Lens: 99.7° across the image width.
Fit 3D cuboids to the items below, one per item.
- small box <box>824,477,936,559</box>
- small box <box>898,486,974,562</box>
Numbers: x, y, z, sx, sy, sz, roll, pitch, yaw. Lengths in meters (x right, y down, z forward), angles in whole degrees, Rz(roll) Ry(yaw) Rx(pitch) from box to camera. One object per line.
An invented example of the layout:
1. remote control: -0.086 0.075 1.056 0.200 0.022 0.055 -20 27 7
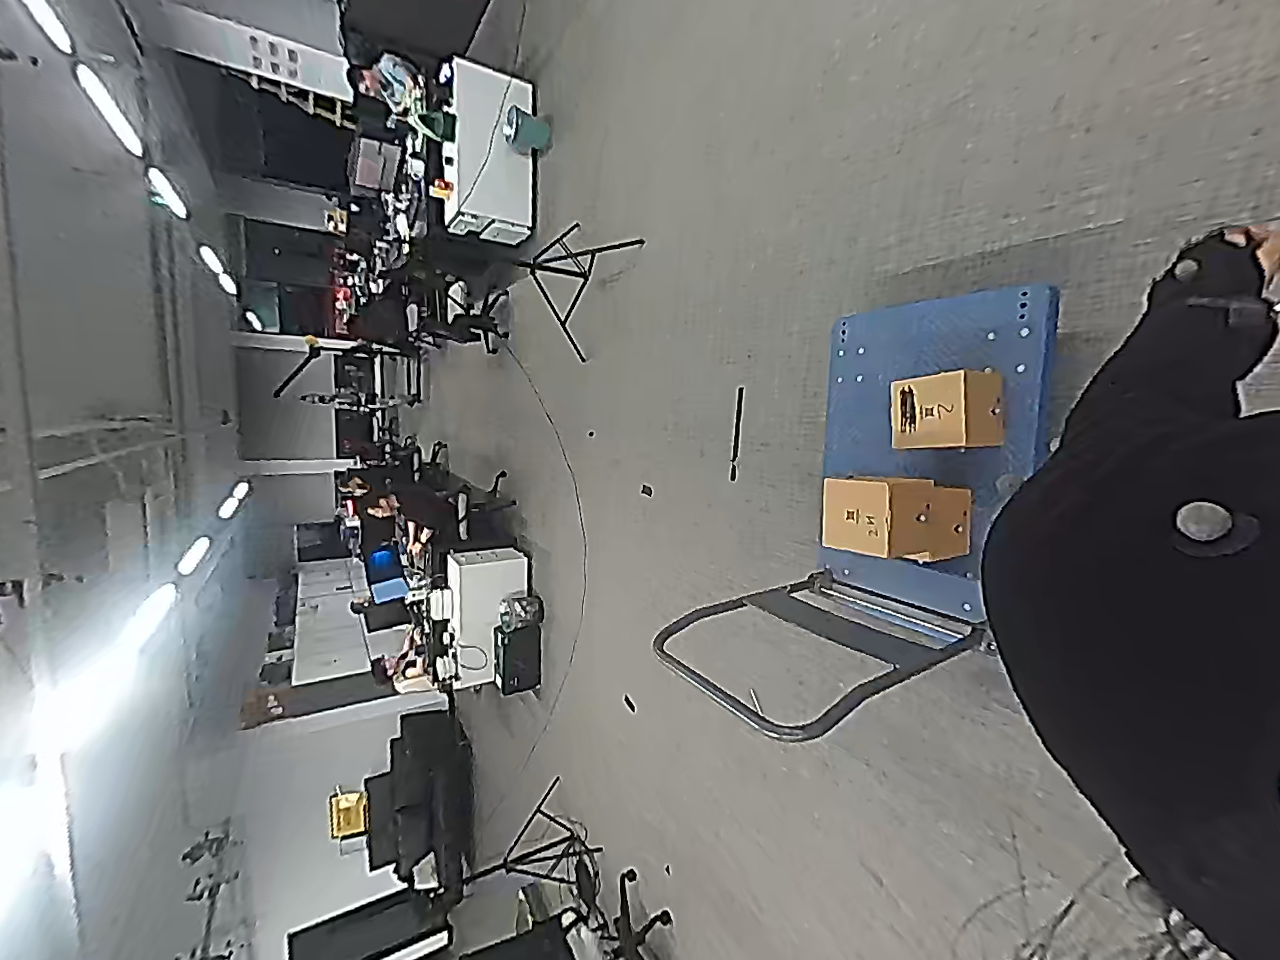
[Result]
1. small box: 0.553 0.080 1.253 0.179 0.176 0.168 6 97 58
2. small box: 0.692 0.100 1.341 0.179 0.176 0.168 5 96 58
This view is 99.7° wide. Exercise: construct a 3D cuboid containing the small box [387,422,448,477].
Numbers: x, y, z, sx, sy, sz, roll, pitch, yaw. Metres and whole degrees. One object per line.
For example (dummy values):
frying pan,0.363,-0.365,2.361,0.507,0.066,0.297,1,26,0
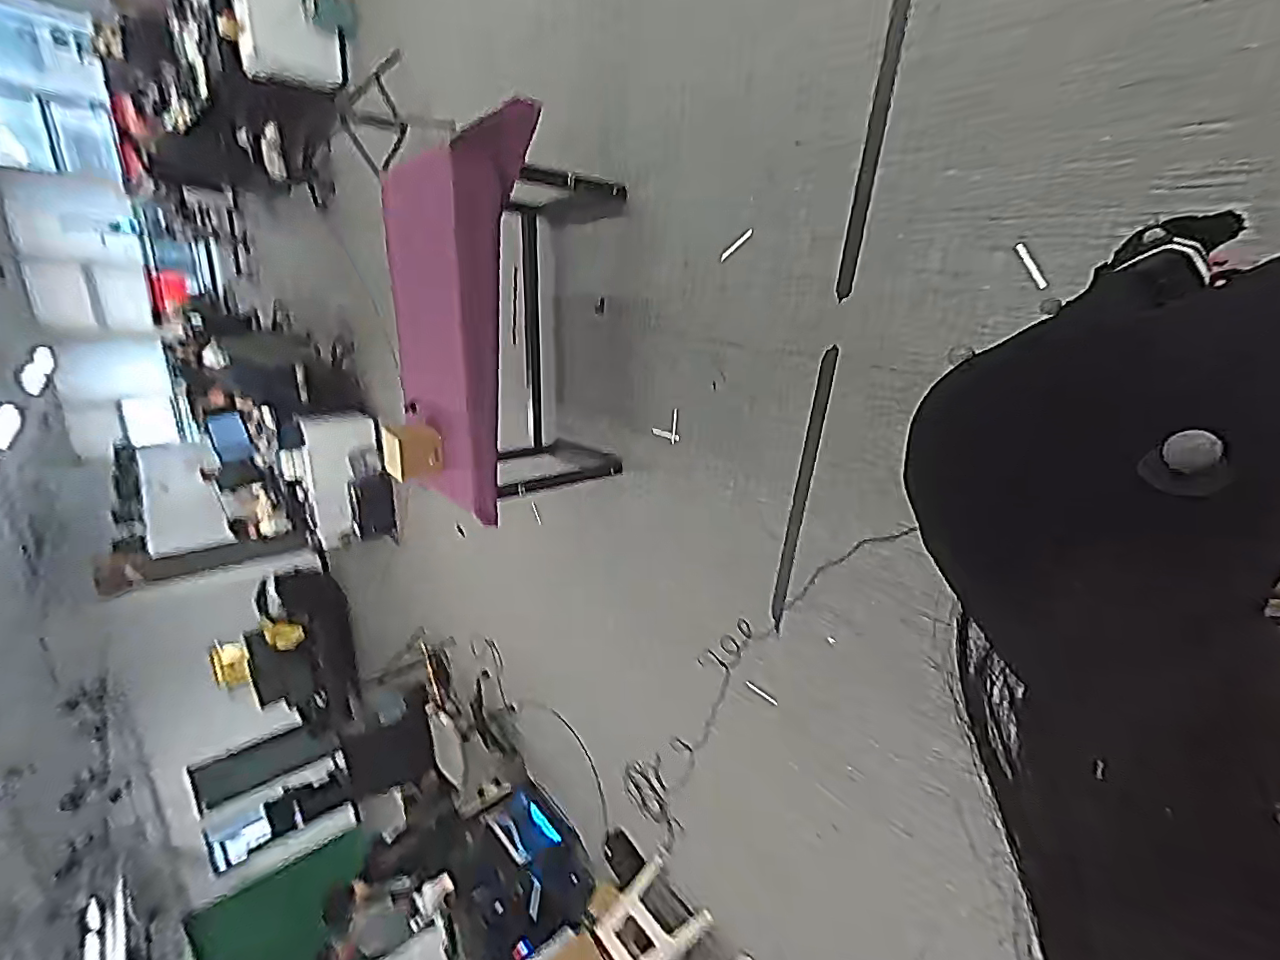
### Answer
small box,-0.863,-0.125,2.103,0.179,0.176,0.168,25,119,42
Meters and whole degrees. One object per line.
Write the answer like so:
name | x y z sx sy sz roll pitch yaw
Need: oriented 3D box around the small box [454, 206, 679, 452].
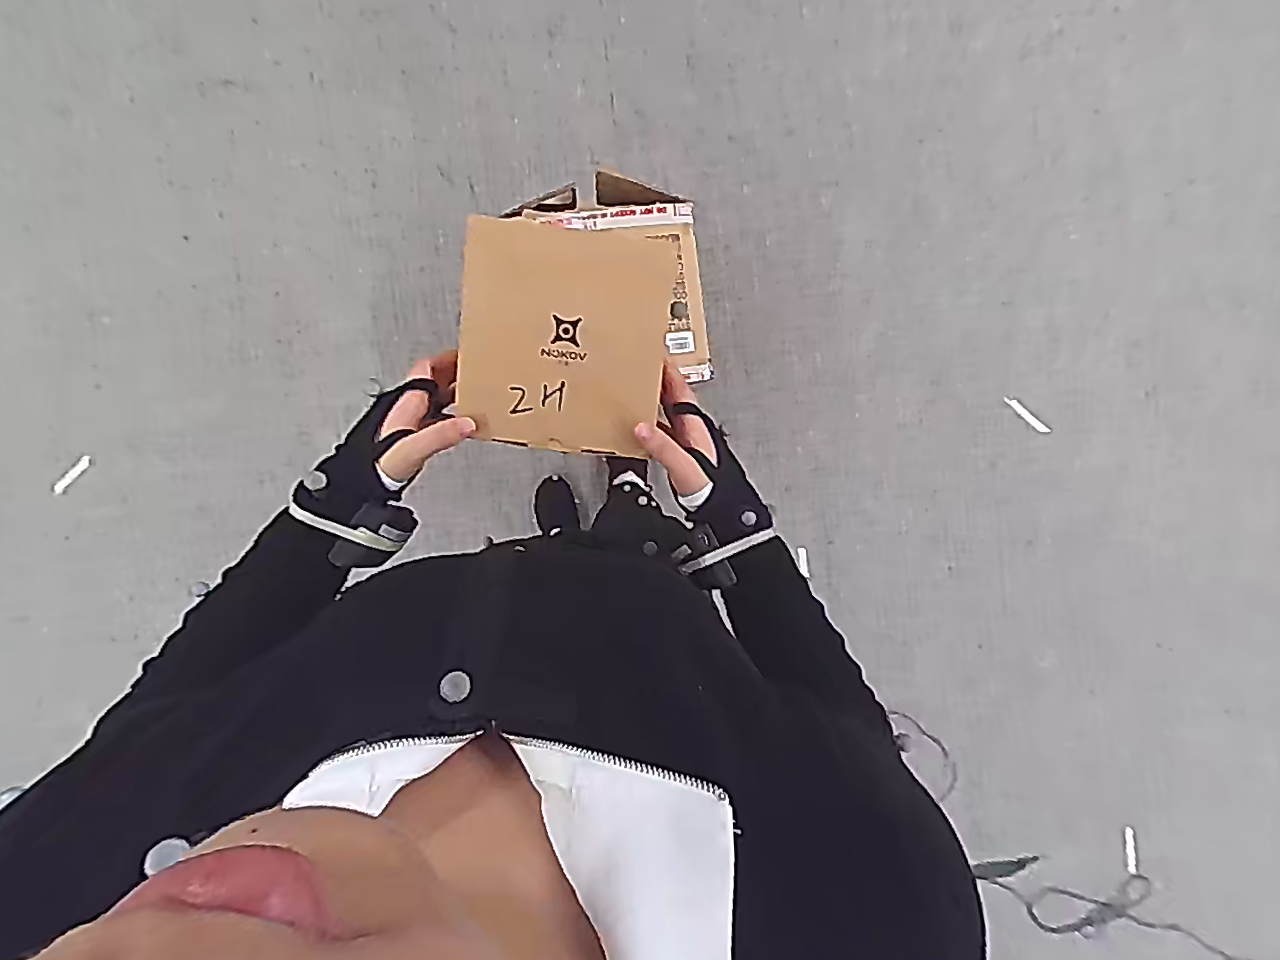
small box | -0.065 -0.129 0.512 0.168 0.176 0.179 6 98 -4

◆ ◆ ◆ ◆ ◆

• **What you will do**
An exact repetition of all the records above is required, excluding the pictures.

• **Written reply**
Lens: 99.7° across the image width.
Fit 3D cuboids to the items below, one per item.
- small box <box>824,477,936,559</box>
- small box <box>898,486,974,562</box>
Numbers: x, y, z, sx, sy, sz, roll, pitch, yaw. Lengths in meters (x right, y down, z forward), angles in whole degrees, Rz(roll) Ry(yaw) Rx(pitch) from box to camera. One object per line.
An invented example of the layout:
1. remote control: -0.086 0.075 1.056 0.200 0.022 0.055 -20 27 7
[Result]
1. small box: 0.553 0.080 1.253 0.179 0.176 0.168 6 97 58
2. small box: 0.692 0.100 1.341 0.179 0.176 0.168 5 96 58
This view is 99.7° wide. Exercise: construct a 3D cuboid containing the small box [387,422,448,477].
Numbers: x, y, z, sx, sy, sz, roll, pitch, yaw. Metres and whole degrees. One object per line.
For example (dummy values):
frying pan,0.363,-0.365,2.361,0.507,0.066,0.297,1,26,0
### Answer
small box,-0.863,-0.125,2.103,0.179,0.176,0.168,25,119,42
Meters and whole degrees. One object per line.
Write the answer like so:
name | x y z sx sy sz roll pitch yaw
Need: oriented 3D box around the small box [454, 206, 679, 452].
small box | -0.065 -0.129 0.512 0.168 0.176 0.179 6 98 -4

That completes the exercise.